I think it also depends on what exactly the models are and the db structure that fits best. If you read here you see one example http://laravel.com/docs/5.0/eloquent#polymorphic-relations but I think that the Wordpress database schema also uses some sort of polymorphic relationship if you look at the tables wp_term_taxonomy, wp_term_relationships (this is the m-m pivot) and wp_terms. It stores multiple taxonomies in one set of tables.

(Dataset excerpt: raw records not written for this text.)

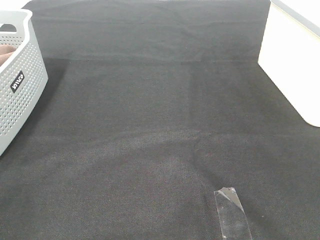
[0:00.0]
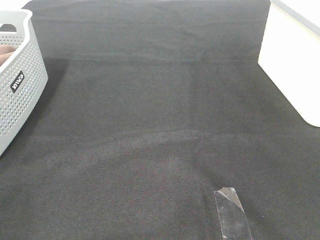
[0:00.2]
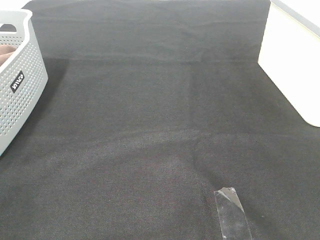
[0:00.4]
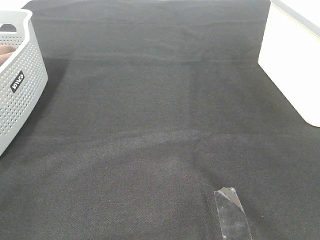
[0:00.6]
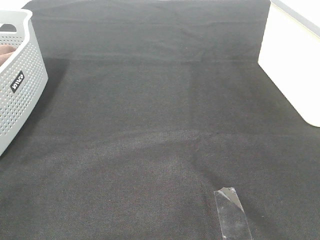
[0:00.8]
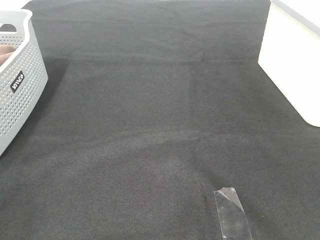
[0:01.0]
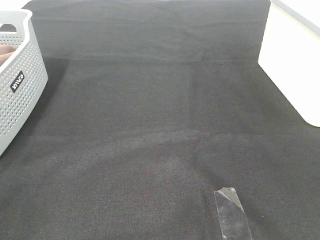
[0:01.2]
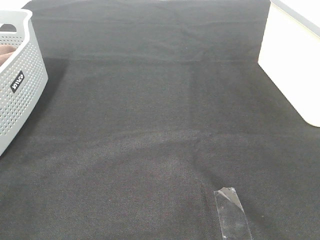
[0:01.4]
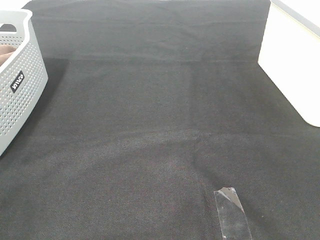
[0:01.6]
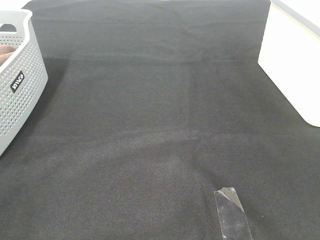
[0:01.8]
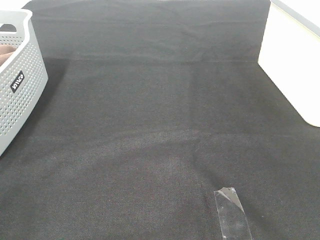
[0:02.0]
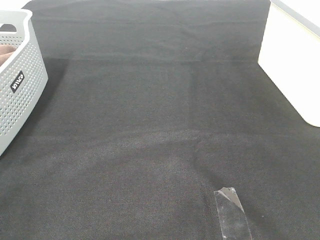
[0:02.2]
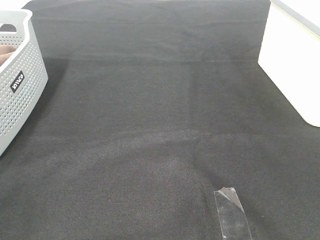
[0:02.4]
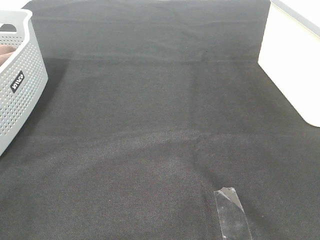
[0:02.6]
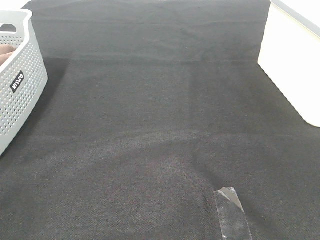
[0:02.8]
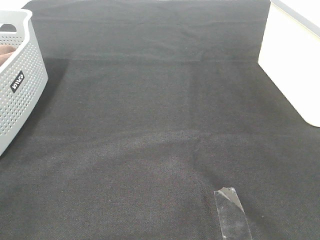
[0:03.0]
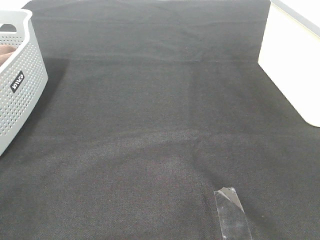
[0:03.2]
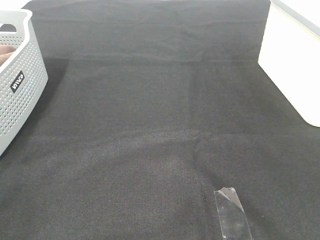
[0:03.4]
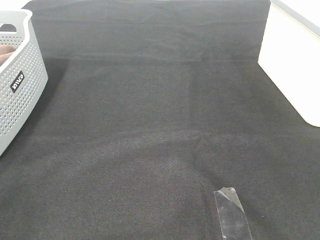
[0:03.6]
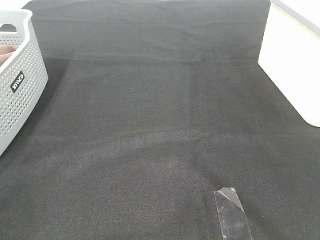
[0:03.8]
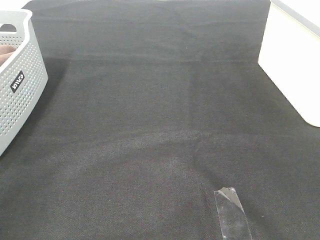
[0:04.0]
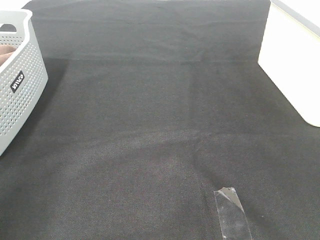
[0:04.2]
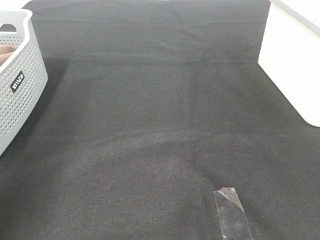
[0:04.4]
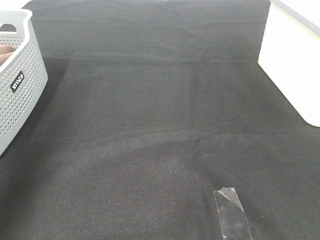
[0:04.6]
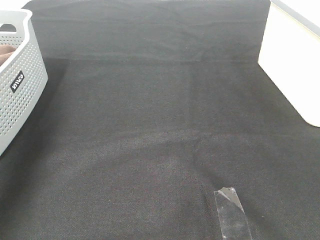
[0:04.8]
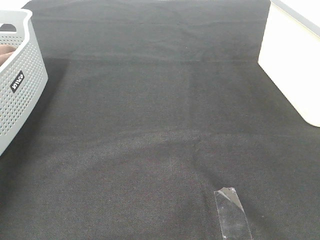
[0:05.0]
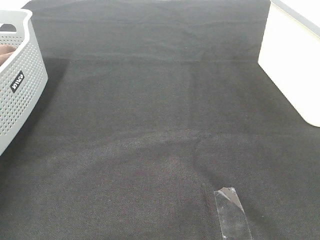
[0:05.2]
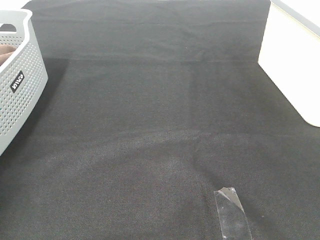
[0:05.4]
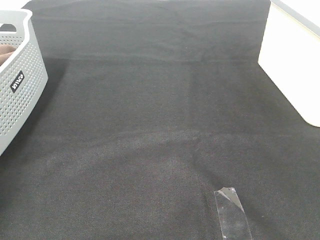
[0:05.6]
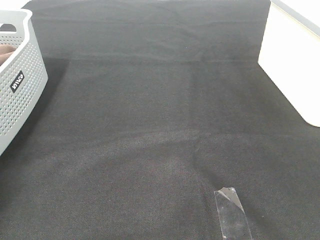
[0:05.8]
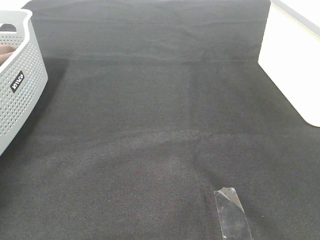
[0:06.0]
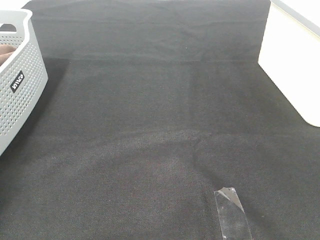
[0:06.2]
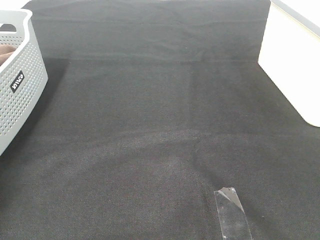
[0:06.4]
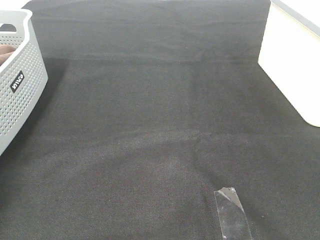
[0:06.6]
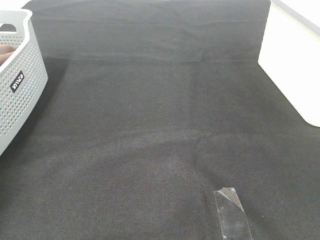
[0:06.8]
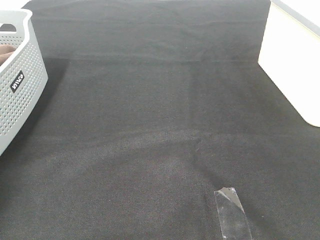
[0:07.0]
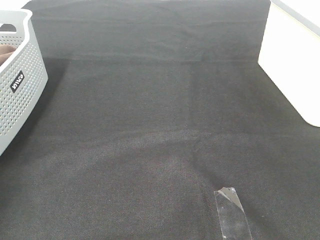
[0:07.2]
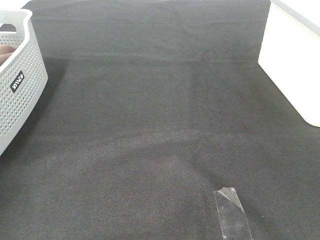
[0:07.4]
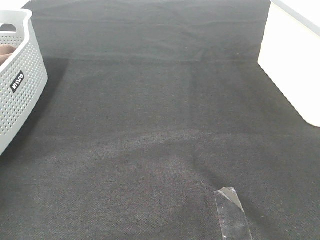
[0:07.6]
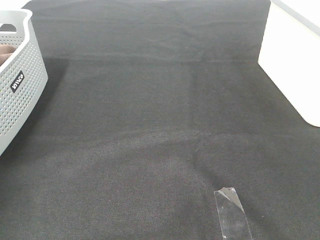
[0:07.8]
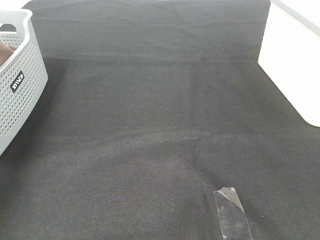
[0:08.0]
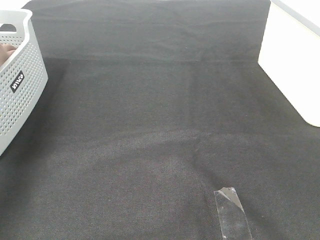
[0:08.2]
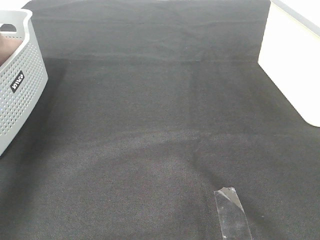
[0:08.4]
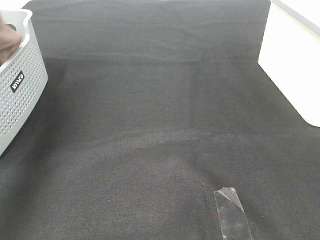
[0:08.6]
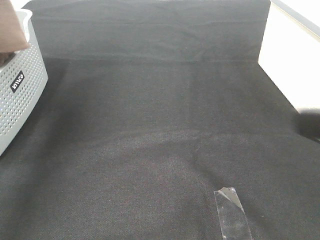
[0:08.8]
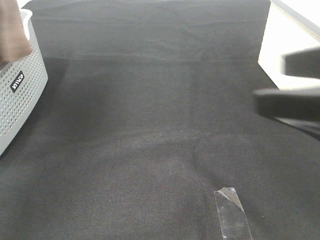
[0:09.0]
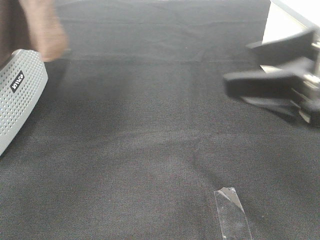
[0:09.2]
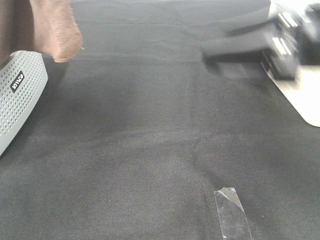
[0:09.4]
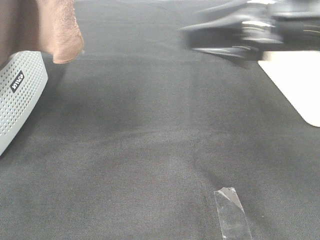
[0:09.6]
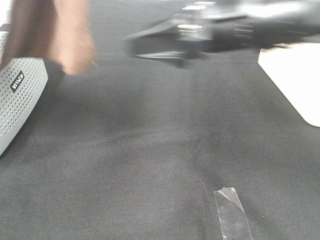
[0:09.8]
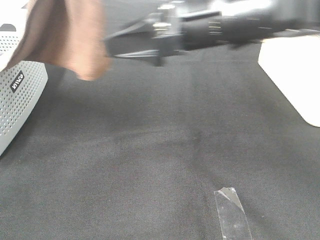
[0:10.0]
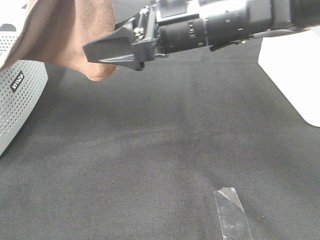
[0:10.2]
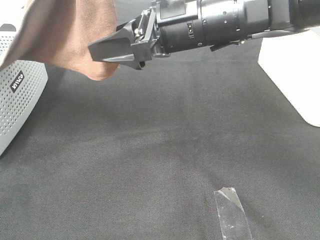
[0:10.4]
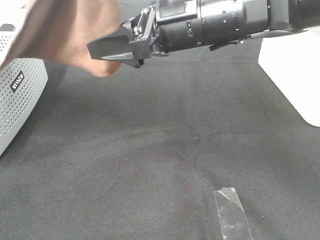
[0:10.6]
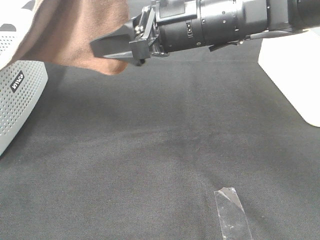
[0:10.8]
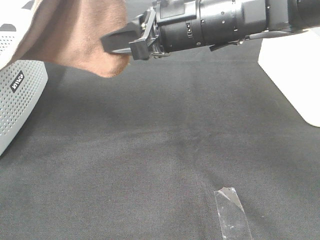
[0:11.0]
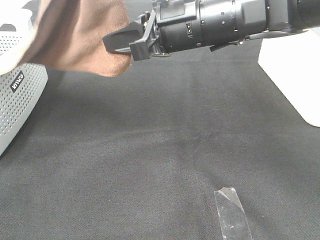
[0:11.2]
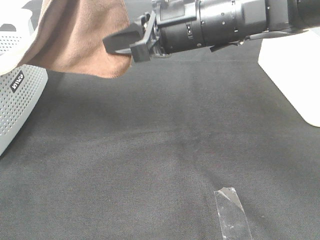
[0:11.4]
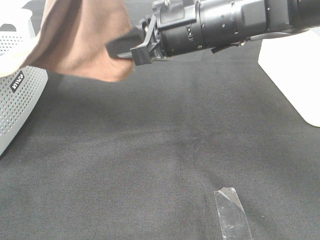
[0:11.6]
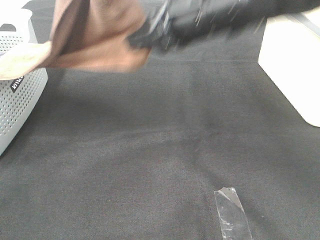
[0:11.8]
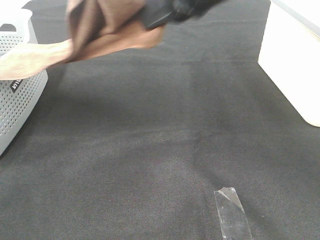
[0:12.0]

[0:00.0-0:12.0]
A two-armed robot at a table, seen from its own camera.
Task of the whole recording: Remove the towel and place it.
Step, 0:08.2 to 0:11.8: Right hand: grab a corner of the brown towel and straighten it.
0:00.0 to 0:03.0: Both grippers stay about where they are.
0:03.0 to 0:04.4: The left gripper shifts roughly 20 cm forward and upward.
0:04.4 to 0:06.0: The left gripper moves forward, downward and to the left, roughly 35 cm.
0:07.6 to 0:09.0: The right gripper shifts some 15 cm forward and to the left, while the left gripper is displaced to the right, upward and backward by roughly 25 cm.
0:09.0 to 0:10.4: The right gripper moves forward and to the left, approximately 25 cm, while the left gripper shifts approximately 10 cm to the right.
0:10.4 to 0:12.0: The right gripper is displaced upward by roughly 10 cm, and closes its fingers.

In a project I'm working on I use polymorphic relations for Tags, because multiple models can be "taggeable". Say Posts, Articles, Widgets, etc. So instead of creating three separate many to many pivot tables for each of the models, I only have one.

davorminchorov's avatar

Is it recommended to use polymorphic relationships for every one model can be connected with many models situation, like the tags example in the docs? I am asking these questions because at the start of a project, you may have only 2 models which can be connected to one model (example a Group model can be connected with 2 other models and contain 2 types of different groups in one place) but later on you may add more of those.

Mattiman's avatar

Hi @Ruffles, I'm not entirely sure if I fully understand your question. There are basically two levels of decision you have to make:

  • on the database level: decide which tables you need and how they are related. This step is important, because changing the db is usually more difficult then changing code
  • on the code level: decide how the eloquent model relations are. This will mostly result logically from the db structure chosen in step 1, but you can change or add relations on top of that. So in the example of the Taggeable polymorphic relation, maybe at first it's only related to Posts and Pages, but later you will also add a relation for Images. So yes that's possible. Just depends on the specific needs.
davorminchorov's avatar

Ok, cool! What about performance? Is it better to search for different types of tags in one place (polymorphic many to many) or do some joins for multiple many to many pivot tables? (tags for photos and articles)

Mattiman's avatar

Sorry I'm no database expert so can't give a full answer to that. I do know that normally db queries are very fast, as long as properly constructed and well indexed. Whether you join 2, 3 or 4 tables doesn't matter so much then. A join on a few thousand rows can be slow if not properly constructed, a join on many millions of rows can be blazingly fast if constructed/indexed well.